▽

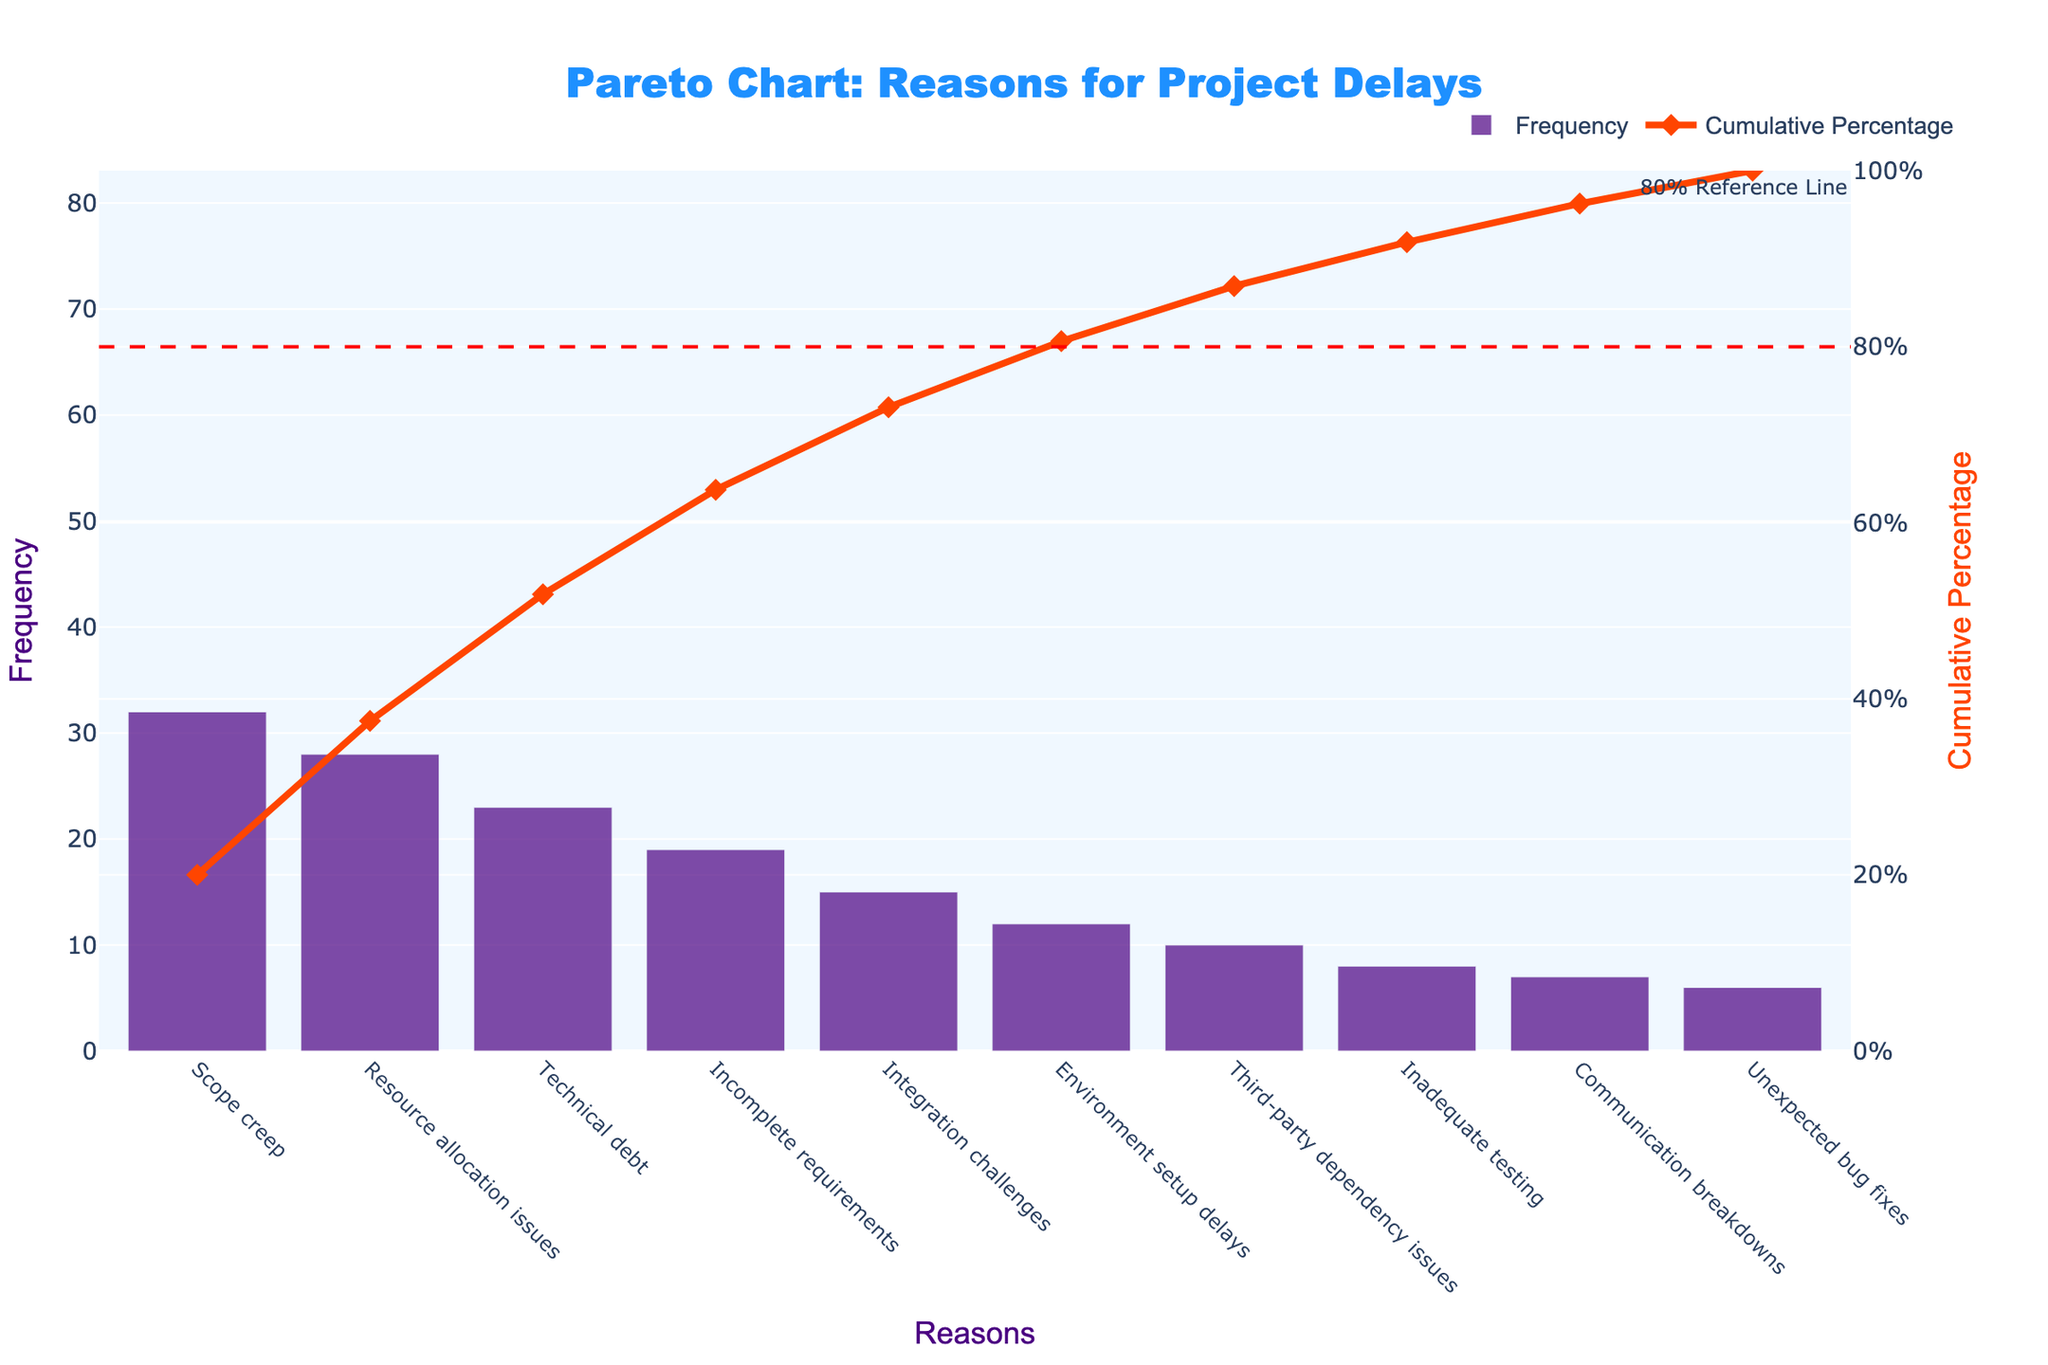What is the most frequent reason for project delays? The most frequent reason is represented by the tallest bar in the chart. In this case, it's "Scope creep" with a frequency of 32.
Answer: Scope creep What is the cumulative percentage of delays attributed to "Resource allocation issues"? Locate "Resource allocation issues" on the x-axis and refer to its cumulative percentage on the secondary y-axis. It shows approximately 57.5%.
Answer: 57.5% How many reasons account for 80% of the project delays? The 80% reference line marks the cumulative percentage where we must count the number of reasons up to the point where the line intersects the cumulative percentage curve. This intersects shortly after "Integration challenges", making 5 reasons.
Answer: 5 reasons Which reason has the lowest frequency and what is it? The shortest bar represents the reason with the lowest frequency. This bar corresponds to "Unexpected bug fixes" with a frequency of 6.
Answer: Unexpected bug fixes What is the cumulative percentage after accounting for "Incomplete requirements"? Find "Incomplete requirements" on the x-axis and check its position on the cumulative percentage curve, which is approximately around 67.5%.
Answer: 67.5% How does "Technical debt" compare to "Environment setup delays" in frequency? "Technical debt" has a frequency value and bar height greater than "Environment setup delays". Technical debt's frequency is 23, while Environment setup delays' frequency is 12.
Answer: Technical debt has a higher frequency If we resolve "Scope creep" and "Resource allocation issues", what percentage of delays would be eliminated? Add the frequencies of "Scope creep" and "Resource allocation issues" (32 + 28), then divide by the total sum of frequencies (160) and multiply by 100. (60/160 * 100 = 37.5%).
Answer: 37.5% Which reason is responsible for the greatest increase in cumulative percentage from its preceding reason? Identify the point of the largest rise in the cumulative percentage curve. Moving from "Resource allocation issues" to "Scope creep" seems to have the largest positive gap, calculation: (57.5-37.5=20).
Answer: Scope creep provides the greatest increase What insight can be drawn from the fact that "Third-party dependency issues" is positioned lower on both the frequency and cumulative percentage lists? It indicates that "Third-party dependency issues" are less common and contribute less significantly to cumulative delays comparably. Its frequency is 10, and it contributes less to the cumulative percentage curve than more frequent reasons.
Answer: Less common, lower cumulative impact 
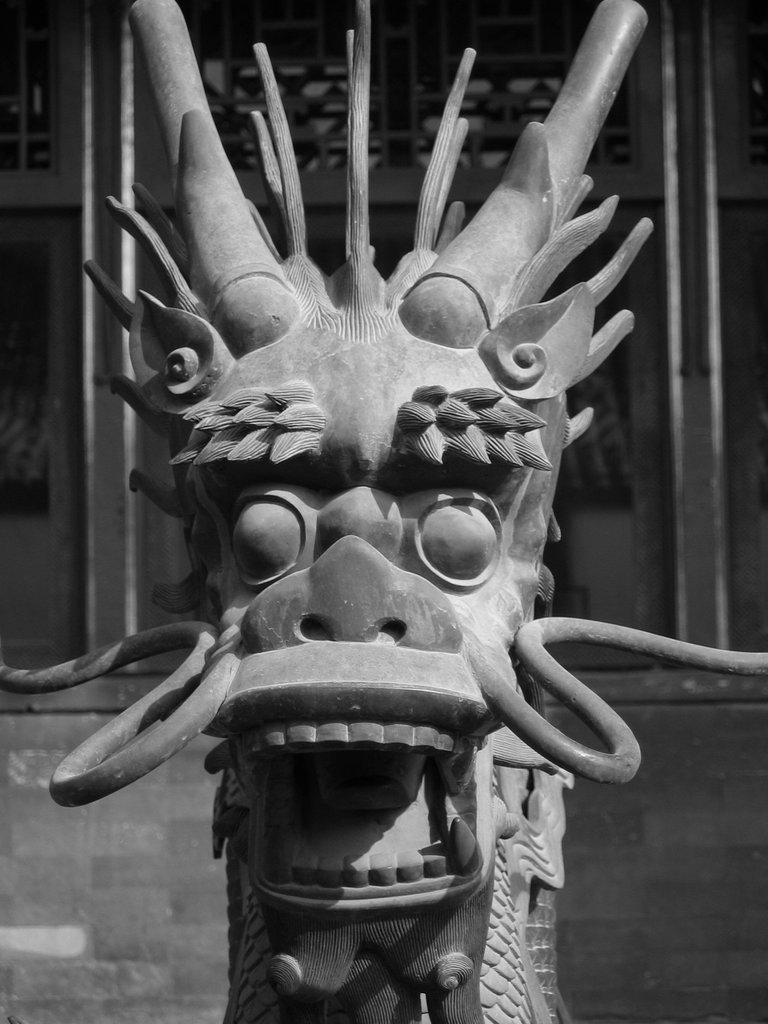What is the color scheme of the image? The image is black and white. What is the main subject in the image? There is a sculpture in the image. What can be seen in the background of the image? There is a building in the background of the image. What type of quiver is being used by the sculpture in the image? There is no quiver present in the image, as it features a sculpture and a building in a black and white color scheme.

△

What is needed is a word-for-word copy of the lines from the start of the data to the line with "Answer: Scope creep What", inclusive, with no pictures in it.

What is the most frequent reason for project delays? The most frequent reason is represented by the tallest bar in the chart. In this case, it's "Scope creep" with a frequency of 32.
Answer: Scope creep What is the cumulative percentage of delays attributed to "Resource allocation issues"? Locate "Resource allocation issues" on the x-axis and refer to its cumulative percentage on the secondary y-axis. It shows approximately 57.5%.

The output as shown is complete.